Department of Pharmacology, College of Pharmacy, Dalian Medical University, Dalian, Liaoning Province, 116044, PR China; Inner Mongolia Autonomous Region People's Hospital, Inner Mongolia Autonomous Region, 010017, PR China.
Free Radic Biol Med. 2024 Nov 1;224:757-769. doi: 10.1016/j.freeradbiomed.2024.09.029. Epub 2024 Sep 20.
Cerebral ischemia-reperfusion injury (CI/RI) is a complex process leading to neuronal damage and death, with mitophagy implicated in its pathogenesis. However, the significance of mitophagy in CI/RI remains debated.
We hypothesized that TRIM25 reduces ATAD3A expression by ubiquitinating ATAD3A, promoting mitophagy via the PINK1/Parkin pathway, and aggravating CI/RI.
Rat middle cerebral artery occlusion (MCAO) followed by reperfusion and oxygen-glucose deprivation and reoxygenation (OGD/R) in PC12 cells were used as animal and cell models, respectively.
To evaluate the success of the CI/R modeling, TTC and HE staining were employed. The determination of serum biochemical indexes was carried out using relative assay kits. The Western Blot analysis was employed to assess the expression of ATAD3A, TRIM25, as well as mitophagy-related proteins (PINK1, Parkin, P62, and LC3II/LC3I). The mRNA levels were detected using QRT-PCR. Mitochondrial membrane potential was assessed through JC-1 staining. Mitosox Red Assay Kit was utilized to measure mitochondrial reactive oxygen species levels in PC12 cells. Additionally, characterization of the mitophagy structure was performed using transmission electron microscopy (TEM).
Our findings showed down-regulation of ATAD3A and up-regulation of TRIM25 in both in vivo and in vitro CI/RI models. Various experimental techniques such as Western Blot, JC-1 staining, Mitosox assay, Immunofluorescence assay, and TEM observation supported the occurrence of PINK1/Parkin signaling pathway-mediated mitophagy in both models. ATAD3A suppressed mitophagy, while TRIM25 promoted it during CI/RI injury. Additionally, the results indicated that TRIM25 interacted with and ubiquitinated ATAD3A via the proteasome pathway, affecting ATAD3A protein stability and expression.

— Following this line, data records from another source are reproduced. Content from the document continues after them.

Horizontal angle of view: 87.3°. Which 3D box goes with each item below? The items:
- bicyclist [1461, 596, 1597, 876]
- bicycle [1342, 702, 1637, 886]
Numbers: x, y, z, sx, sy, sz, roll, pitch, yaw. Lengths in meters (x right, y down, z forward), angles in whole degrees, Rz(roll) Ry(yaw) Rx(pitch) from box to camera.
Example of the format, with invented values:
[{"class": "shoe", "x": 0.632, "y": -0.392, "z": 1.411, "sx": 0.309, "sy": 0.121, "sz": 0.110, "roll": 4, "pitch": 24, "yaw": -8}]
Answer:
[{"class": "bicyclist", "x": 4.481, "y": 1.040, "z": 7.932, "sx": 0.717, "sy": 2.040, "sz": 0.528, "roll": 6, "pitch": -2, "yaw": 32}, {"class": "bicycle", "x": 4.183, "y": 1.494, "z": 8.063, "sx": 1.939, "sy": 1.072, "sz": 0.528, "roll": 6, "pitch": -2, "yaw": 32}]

TRIM25 promoted Pink1/Parkin-dependent excessive mitophagy by destabilizing ATAD3A, exacerbating CI/RI. Targeting TRIM25 and ATAD3A may offer therapeutic strategies for mitigating CI/RI and associated neurological damage.
脑缺血再灌注损伤(CI/RI)是导致神经元损伤和死亡的复杂过程,其中自噬体参与其发病机制。然而,自噬体在 CI/RI 中的意义仍存在争议。
我们假设 TRIM25 通过泛素化 ATAD3A 来降低 ATAD3A 的表达,通过 PINK1/Parkin 途径促进自噬,从而加重 CI/RI。
大鼠大脑中动脉闭塞(MCAO)后再灌注和氧葡萄糖剥夺再氧合(OGD/R)分别用于动物和细胞模型。
为了评估 CI/R 模型的成功,采用 TTC 和 HE 染色。使用相对检测试剂盒测定血清生化指标。采用 Western Blot 分析评估 ATAD3A、TRIM25 以及自噬相关蛋白(PINK1、Parkin、P62 和 LC3II/LC3I)的表达。采用 QRT-PCR 检测 mRNA 水平。通过 JC-1 染色评估线粒体膜电位。使用 Mitosox Red 试剂盒测定 PC12 细胞中线粒体活性氧水平。此外,通过透射电子显微镜(TEM)观察对自噬体结构进行特征描述。
我们的研究结果显示,在体内和体外 CI/RI 模型中,ATAD3A 的表达下调,TRIM25 的表达上调。Western Blot、JC-1 染色、Mitosox 测定、免疫荧光测定和 TEM 观察等各种实验技术均支持在这两种模型中均发生了 PINK1/Parkin 信号通路介导的自噬。ATAD3A 抑制自噬,而 TRIM25 在 CI/RI 损伤过程中促进自噬。此外,结果表明 TRIM25 通过蛋白酶体途径与 ATAD3A 相互作用并泛素化 ATAD3A,影响 ATAD3A 蛋白的稳定性和表达。
TRIM25 通过破坏 ATAD3A 促进 Pink1/Parkin 依赖性过度自噬,从而加重 CI/RI。靶向 TRIM25 和 ATAD3A 可能为减轻 CI/RI 和相关神经损伤提供治疗策略。